Records from a data source:

━━━━━━━━━━━━━━━━

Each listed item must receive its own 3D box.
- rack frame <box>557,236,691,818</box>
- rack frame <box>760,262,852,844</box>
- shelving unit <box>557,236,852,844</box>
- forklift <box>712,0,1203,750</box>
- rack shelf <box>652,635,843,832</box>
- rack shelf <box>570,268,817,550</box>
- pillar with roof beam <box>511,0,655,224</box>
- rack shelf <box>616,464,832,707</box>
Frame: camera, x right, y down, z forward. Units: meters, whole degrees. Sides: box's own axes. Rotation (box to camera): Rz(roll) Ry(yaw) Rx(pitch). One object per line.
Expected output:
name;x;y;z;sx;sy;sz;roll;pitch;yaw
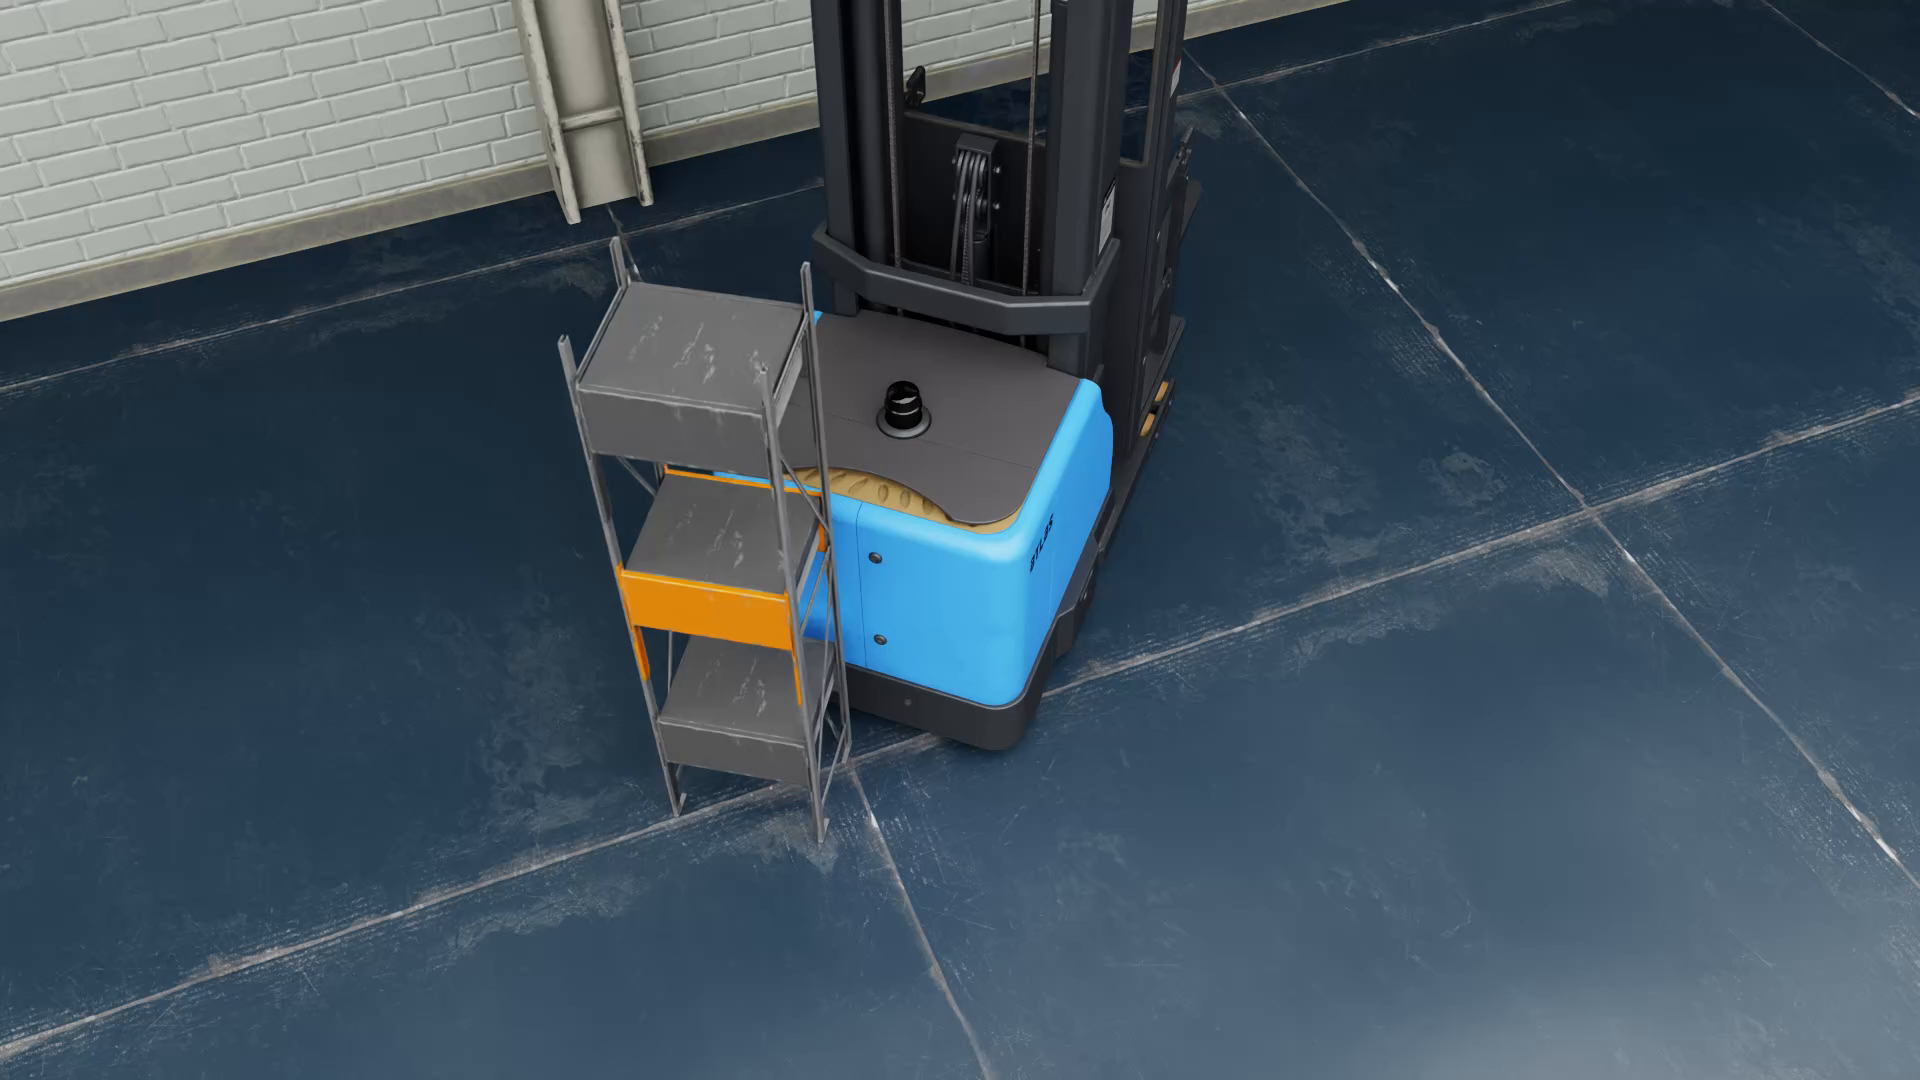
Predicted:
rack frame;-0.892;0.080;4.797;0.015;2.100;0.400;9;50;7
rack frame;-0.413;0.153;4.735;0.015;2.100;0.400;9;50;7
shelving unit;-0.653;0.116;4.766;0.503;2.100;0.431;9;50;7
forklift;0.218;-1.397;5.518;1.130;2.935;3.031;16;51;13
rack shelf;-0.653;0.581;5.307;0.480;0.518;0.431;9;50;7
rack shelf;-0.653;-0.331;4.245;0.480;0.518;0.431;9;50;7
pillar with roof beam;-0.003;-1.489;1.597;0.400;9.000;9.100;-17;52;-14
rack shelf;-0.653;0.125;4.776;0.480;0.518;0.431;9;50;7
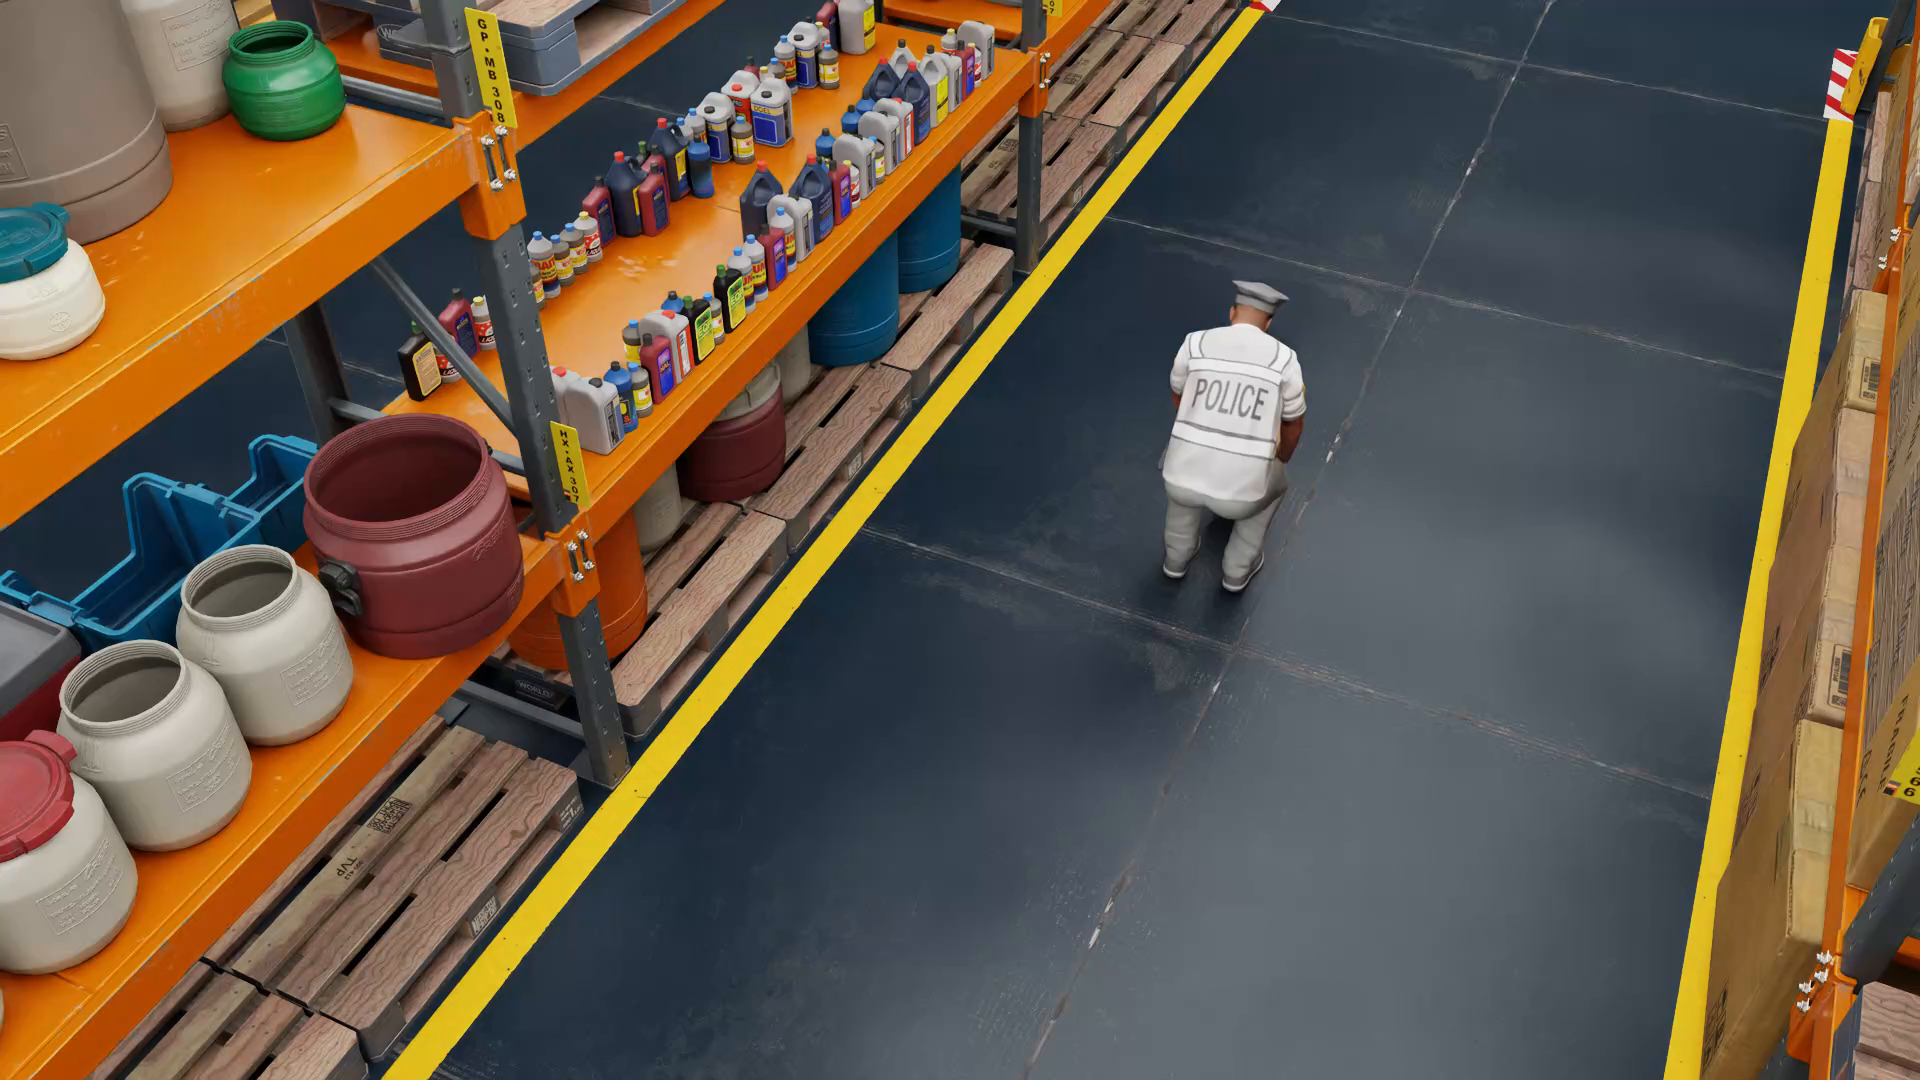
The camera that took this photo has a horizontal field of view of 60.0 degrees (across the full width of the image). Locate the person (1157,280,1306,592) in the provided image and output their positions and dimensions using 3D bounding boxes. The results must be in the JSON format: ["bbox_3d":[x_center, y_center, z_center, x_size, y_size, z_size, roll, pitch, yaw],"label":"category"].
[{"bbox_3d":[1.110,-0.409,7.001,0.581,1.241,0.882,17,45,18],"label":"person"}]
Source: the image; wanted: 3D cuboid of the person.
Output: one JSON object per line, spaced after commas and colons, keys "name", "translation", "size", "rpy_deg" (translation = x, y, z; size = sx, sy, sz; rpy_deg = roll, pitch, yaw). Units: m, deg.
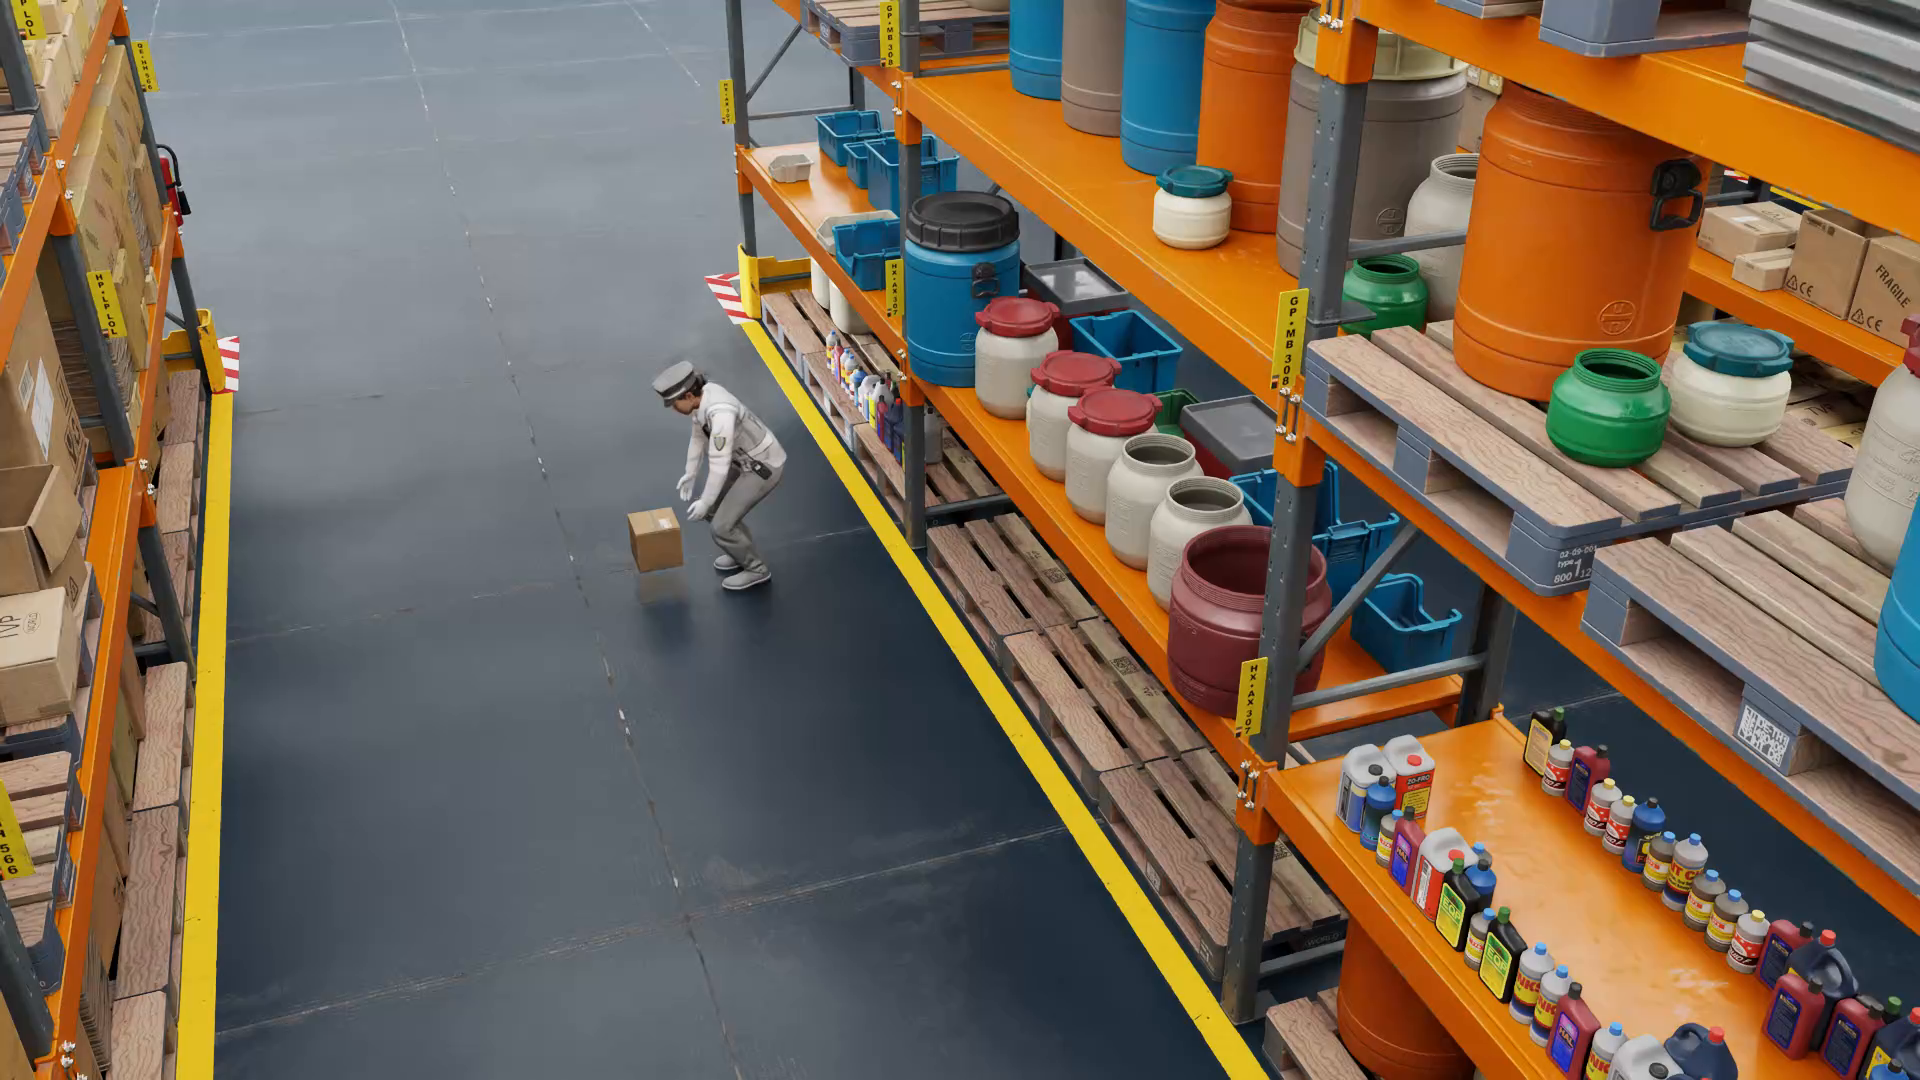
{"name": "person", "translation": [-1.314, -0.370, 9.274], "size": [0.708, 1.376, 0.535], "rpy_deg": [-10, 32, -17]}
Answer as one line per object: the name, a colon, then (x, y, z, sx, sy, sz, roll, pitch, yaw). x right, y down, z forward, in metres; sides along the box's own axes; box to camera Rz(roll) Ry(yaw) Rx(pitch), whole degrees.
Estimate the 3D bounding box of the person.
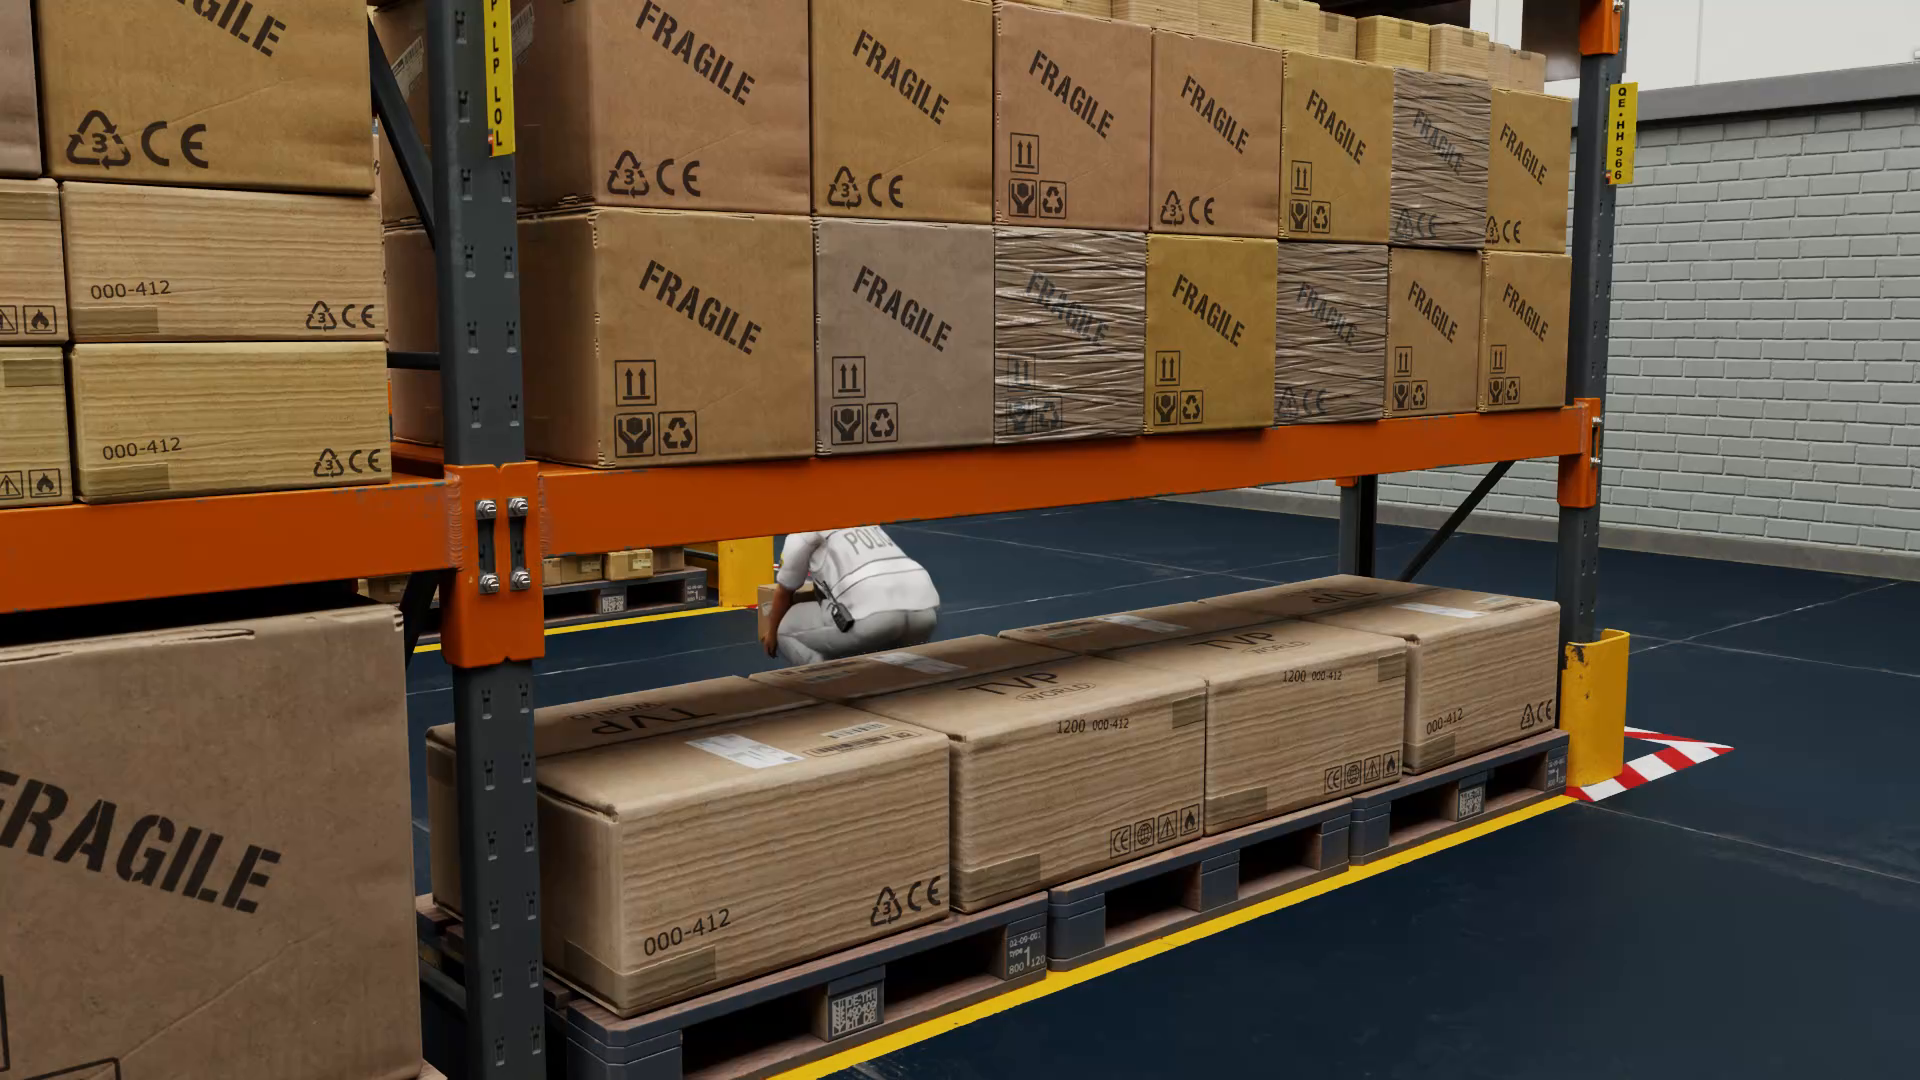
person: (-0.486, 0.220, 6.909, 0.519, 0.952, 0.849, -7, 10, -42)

━━━━━━━━━━━━━━━━

#### Your goal:
If an entry holds an image, omit that image and print the remainder exactly as it stands.

#### Solution for this problem:
Each listed item must receive its own 3D box.
- rack frame <box>557,236,691,818</box>
- rack frame <box>760,262,852,844</box>
- shelving unit <box>557,236,852,844</box>
- forklift <box>712,0,1203,750</box>
- rack shelf <box>652,635,843,832</box>
- rack shelf <box>570,268,817,550</box>
- pillar with roof beam <box>511,0,655,224</box>
- rack shelf <box>616,464,832,707</box>
Frame: camera, x right, y down, z forward. Units: meters, whole degrees. Sides: box's own axes. Rotation (box to camera): Rz(roll) Ry(yaw) Rx(pitch). One object per line.
Expected output:
name;x;y;z;sx;sy;sz;roll;pitch;yaw
Predicted:
rack frame;-0.892;0.080;4.797;0.015;2.100;0.400;9;50;7
rack frame;-0.413;0.153;4.735;0.015;2.100;0.400;9;50;7
shelving unit;-0.653;0.116;4.766;0.503;2.100;0.431;9;50;7
forklift;0.218;-1.397;5.518;1.130;2.935;3.031;16;51;13
rack shelf;-0.653;0.581;5.307;0.480;0.518;0.431;9;50;7
rack shelf;-0.653;-0.331;4.245;0.480;0.518;0.431;9;50;7
pillar with roof beam;-0.003;-1.489;1.597;0.400;9.000;9.100;-17;52;-14
rack shelf;-0.653;0.125;4.776;0.480;0.518;0.431;9;50;7
The camera that took this photo has a horizontal field of view of 60.0 degrees (across the full width of the image). Locate the person (1157,280,1306,592) in the provided image and output their positions and dimensions using 3D bounding boxes. The results must be in the JSON format: ["bbox_3d":[x_center, y_center, z_center, x_size, y_size, z_size, roll, pitch, yaw],"label":"category"].
[{"bbox_3d":[1.110,-0.409,7.001,0.581,1.241,0.882,17,45,18],"label":"person"}]
Source: the image; wanted: 3D cuboid of the person.
Output: one JSON object per line, spaced after commas and colons, keys "name", "translation", "size", "rpy_deg" (translation = x, y, z; size = sx, sy, sz; rpy_deg = roll, pitch, yaw). Units: m, deg.
{"name": "person", "translation": [-1.314, -0.370, 9.274], "size": [0.708, 1.376, 0.535], "rpy_deg": [-10, 32, -17]}
Answer as one line per object: the name, a colon, then (x, y, z, sx, sy, sz, roll, pitch, yaw). x right, y down, z forward, in metres; sides along the box's own axes; box to camera Rz(roll) Ry(yaw) Rx(pitch), whole degrees.
Estimate the 3D bounding box of the person.
person: (-0.486, 0.220, 6.909, 0.519, 0.952, 0.849, -7, 10, -42)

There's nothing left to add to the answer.